The time interval signal 35b of baseline extractor 10b is further provided to a further baseline extractor 10e via a second band-pass filter 76. The baseline extractor 10e receives the filtered time interval signal 35b′, and determines a time interval signal 35e therefrom. The time interval signal 35e is descriptive of the respiration based on evaluating a heart rate variability or frequency modulation, see FIG. 11 lower graph, as indicated by FIG. 9(d).

The output 12a of the first baseline extractor 10a is further provided to another baseline extractor 10d via a high pass filter 77. Based on the filtered baseline signal 12a′, the baseline extractor 10d determines a time interval signal 35c which provides a baseline based respiration, see FIG. 11 upper graph, as indicated by FIG. 9(b).

In conclusion, the same device architecture according to an aspect of the present invention (FIG. 1 or 8) can be used for evaluating all three different ways of how the respiration modulates the physiological PPG signal 11.

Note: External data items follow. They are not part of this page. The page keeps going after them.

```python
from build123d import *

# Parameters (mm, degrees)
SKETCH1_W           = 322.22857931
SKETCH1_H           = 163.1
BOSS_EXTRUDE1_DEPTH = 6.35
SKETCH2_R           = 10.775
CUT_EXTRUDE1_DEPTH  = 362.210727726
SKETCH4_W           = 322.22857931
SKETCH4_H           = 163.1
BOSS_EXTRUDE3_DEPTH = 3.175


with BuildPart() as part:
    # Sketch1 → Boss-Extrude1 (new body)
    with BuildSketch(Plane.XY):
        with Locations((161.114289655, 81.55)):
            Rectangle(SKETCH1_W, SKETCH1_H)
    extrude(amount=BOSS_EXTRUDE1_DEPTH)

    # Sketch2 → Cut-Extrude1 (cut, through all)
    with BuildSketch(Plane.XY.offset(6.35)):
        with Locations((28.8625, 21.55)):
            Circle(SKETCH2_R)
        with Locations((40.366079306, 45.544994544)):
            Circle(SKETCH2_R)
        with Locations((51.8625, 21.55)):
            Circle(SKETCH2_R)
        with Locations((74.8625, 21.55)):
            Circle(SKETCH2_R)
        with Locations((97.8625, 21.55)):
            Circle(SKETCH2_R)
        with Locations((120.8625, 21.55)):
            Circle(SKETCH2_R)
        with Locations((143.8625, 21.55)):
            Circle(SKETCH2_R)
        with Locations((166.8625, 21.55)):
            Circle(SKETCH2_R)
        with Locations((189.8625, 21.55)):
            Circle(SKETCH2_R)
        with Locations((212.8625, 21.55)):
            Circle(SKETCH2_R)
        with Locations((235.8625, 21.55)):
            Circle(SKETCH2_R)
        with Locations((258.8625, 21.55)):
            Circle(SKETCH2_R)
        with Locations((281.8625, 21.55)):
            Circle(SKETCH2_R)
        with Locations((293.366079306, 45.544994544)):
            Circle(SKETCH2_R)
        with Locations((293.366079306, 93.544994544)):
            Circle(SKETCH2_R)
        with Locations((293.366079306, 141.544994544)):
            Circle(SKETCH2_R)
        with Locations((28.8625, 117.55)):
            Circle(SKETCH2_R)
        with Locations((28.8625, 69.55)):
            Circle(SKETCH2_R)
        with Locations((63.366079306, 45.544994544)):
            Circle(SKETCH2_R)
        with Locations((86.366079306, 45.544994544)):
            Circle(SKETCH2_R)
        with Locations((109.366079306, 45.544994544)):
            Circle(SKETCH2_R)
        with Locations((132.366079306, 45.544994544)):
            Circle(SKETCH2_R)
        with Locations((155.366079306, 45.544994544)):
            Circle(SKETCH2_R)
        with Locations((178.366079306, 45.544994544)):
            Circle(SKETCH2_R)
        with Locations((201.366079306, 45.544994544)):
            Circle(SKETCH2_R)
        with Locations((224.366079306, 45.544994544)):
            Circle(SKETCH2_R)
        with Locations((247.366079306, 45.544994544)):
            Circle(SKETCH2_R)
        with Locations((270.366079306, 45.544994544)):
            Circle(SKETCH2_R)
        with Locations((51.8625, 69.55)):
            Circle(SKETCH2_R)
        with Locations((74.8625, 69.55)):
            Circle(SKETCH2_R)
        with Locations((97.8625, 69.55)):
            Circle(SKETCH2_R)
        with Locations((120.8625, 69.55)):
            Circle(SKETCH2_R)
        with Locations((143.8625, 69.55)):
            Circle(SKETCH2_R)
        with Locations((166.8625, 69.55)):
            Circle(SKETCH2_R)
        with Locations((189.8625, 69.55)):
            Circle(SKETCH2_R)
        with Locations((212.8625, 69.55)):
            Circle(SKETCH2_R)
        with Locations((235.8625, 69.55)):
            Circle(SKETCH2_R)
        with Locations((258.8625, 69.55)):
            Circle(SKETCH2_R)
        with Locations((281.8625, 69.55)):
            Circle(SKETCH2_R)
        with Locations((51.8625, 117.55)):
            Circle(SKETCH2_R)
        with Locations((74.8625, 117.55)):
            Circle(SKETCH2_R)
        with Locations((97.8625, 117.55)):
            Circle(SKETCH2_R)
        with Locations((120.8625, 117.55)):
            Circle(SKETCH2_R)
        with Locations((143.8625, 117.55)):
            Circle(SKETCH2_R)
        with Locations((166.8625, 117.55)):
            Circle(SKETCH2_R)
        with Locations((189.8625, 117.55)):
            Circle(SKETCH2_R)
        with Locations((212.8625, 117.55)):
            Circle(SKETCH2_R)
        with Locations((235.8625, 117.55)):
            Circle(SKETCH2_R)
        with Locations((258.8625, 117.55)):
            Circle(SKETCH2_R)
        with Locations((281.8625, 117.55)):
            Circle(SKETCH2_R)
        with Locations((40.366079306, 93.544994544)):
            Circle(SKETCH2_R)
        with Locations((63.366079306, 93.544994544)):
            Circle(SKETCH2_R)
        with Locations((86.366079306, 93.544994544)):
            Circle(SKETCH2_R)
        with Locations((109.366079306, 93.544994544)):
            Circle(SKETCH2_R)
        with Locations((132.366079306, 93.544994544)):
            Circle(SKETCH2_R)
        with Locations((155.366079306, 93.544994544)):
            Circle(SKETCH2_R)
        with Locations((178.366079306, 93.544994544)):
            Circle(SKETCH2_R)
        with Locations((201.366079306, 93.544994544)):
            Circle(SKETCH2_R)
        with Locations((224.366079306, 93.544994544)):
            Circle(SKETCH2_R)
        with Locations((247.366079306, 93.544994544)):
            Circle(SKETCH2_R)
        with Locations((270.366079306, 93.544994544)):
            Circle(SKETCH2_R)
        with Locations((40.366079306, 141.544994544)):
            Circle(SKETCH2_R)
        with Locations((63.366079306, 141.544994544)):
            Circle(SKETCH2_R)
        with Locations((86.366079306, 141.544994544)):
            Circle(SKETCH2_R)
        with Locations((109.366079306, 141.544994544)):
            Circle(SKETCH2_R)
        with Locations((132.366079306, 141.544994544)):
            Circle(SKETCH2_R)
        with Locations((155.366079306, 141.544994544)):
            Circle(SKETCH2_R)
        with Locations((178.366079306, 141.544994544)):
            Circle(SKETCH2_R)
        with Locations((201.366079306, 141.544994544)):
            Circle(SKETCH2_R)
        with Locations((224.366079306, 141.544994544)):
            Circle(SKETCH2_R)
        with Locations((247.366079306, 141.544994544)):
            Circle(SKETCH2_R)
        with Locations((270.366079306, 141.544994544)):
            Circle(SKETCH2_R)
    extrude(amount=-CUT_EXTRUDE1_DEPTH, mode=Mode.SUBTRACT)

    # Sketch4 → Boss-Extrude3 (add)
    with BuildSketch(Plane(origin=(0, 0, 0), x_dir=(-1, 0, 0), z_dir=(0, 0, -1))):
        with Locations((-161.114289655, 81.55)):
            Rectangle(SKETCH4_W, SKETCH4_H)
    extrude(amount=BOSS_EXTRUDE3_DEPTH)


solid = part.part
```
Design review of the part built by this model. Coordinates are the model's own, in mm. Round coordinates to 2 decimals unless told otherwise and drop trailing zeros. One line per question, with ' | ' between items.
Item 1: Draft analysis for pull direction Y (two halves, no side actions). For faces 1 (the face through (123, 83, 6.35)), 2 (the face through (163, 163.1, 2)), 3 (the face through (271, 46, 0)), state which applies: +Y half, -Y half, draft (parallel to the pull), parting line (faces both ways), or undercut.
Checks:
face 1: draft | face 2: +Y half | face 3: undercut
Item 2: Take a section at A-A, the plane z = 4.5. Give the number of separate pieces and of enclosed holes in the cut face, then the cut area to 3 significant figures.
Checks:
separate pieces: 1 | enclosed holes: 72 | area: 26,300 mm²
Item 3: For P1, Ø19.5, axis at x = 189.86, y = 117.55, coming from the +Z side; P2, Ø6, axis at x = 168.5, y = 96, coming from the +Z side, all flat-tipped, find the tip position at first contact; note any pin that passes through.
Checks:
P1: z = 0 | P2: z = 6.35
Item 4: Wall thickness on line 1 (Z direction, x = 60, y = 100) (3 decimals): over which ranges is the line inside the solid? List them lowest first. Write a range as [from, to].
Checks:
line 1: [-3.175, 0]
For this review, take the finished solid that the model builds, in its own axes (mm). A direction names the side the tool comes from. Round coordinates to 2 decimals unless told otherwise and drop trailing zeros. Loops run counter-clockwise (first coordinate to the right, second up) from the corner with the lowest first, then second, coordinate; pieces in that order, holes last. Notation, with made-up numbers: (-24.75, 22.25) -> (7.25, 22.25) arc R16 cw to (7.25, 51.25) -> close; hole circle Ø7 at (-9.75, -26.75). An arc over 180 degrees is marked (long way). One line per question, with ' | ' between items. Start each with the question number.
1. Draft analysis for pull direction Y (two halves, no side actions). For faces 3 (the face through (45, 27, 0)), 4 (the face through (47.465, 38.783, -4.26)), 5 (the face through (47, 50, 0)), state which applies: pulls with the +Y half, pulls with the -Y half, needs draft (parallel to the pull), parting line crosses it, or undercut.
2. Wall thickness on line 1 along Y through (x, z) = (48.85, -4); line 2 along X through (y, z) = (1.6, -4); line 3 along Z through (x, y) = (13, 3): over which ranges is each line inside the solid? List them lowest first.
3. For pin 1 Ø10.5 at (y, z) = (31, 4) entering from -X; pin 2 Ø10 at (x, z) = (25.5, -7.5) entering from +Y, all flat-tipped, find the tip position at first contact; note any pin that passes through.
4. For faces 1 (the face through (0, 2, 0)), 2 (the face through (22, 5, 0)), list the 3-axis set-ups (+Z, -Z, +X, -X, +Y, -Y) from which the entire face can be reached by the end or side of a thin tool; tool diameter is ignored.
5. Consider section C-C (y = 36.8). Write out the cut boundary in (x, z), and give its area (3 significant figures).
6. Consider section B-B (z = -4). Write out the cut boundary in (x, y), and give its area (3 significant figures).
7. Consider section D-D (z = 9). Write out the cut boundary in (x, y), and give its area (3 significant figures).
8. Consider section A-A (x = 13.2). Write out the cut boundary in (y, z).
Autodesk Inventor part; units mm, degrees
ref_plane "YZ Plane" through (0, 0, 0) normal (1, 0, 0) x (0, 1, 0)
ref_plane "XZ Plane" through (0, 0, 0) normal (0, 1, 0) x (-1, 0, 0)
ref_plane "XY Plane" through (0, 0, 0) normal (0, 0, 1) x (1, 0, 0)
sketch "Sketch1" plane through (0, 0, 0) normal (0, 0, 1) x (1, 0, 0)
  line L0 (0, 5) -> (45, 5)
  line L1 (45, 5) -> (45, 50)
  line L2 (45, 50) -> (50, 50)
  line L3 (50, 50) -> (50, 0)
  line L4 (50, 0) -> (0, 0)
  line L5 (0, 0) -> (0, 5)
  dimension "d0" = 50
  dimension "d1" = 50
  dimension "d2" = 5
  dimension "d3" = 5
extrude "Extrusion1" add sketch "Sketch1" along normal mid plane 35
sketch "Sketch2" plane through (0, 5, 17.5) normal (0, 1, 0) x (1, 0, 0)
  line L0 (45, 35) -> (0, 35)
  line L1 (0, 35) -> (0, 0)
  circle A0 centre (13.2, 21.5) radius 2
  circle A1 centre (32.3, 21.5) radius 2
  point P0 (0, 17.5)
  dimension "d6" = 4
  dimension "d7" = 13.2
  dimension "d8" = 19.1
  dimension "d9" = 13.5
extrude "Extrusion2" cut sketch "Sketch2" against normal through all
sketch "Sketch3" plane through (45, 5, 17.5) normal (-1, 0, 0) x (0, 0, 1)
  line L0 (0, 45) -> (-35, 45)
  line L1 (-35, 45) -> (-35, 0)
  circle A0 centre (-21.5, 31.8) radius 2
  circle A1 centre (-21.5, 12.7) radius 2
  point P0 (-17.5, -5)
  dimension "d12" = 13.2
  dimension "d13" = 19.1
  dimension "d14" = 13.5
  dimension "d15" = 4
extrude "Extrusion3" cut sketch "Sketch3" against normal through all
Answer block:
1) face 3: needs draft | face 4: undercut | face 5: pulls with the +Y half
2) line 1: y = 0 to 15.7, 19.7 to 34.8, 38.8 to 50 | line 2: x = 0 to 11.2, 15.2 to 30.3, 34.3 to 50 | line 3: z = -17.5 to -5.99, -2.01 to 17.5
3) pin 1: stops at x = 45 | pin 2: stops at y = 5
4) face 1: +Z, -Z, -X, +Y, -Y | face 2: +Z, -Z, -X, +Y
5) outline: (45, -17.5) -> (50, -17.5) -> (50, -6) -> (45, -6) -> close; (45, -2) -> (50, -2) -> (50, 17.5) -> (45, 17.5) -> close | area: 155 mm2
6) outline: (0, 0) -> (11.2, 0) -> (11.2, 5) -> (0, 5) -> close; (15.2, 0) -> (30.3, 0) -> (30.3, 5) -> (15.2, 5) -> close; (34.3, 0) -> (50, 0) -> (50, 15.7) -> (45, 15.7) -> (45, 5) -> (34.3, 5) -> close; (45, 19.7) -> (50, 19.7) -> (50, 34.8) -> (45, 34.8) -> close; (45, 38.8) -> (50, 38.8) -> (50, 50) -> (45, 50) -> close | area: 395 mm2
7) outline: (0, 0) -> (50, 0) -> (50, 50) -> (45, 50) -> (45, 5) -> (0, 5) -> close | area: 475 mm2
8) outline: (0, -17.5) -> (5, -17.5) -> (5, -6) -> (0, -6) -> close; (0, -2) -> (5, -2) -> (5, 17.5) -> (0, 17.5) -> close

The quality of the extracted vital sign can be further improved by combining time-domain processing with frequency-domain processing as illustrated with reference to FIG. 12 for the example of estimating a respiration rate. Other flow diagrams are possible that also realize this concept. Advantageously, time-domain information of an envelope of the physiological signal is combined with frequency-domain information of a frequency modulation, for example due to a respiratory sinus arrhythmia (RSA). The inventors have found that in some situations for some modulation types the time-domain breath-to-breath respiration rate may underestimate the actual respiration rate. Thus, to further improve the results, frequency-domain analysis can be used in addition to time-domain analysis to calculate the respiration rate. In a good situation, these values correspond with time-domain analysis. From experiments and measurements on humans, it is concluded that mostly envelope detection (FIG. 11, middle graph) works best for real-time breath-to-breath respiration rate estimation with root mean square (RMS) inter-beat-interval (IBI) errors smaller than 2% at rest and one minute average time. On a breath-to-breath level, thus with low latency, RMS errors of less than 1.5 breaths have been found.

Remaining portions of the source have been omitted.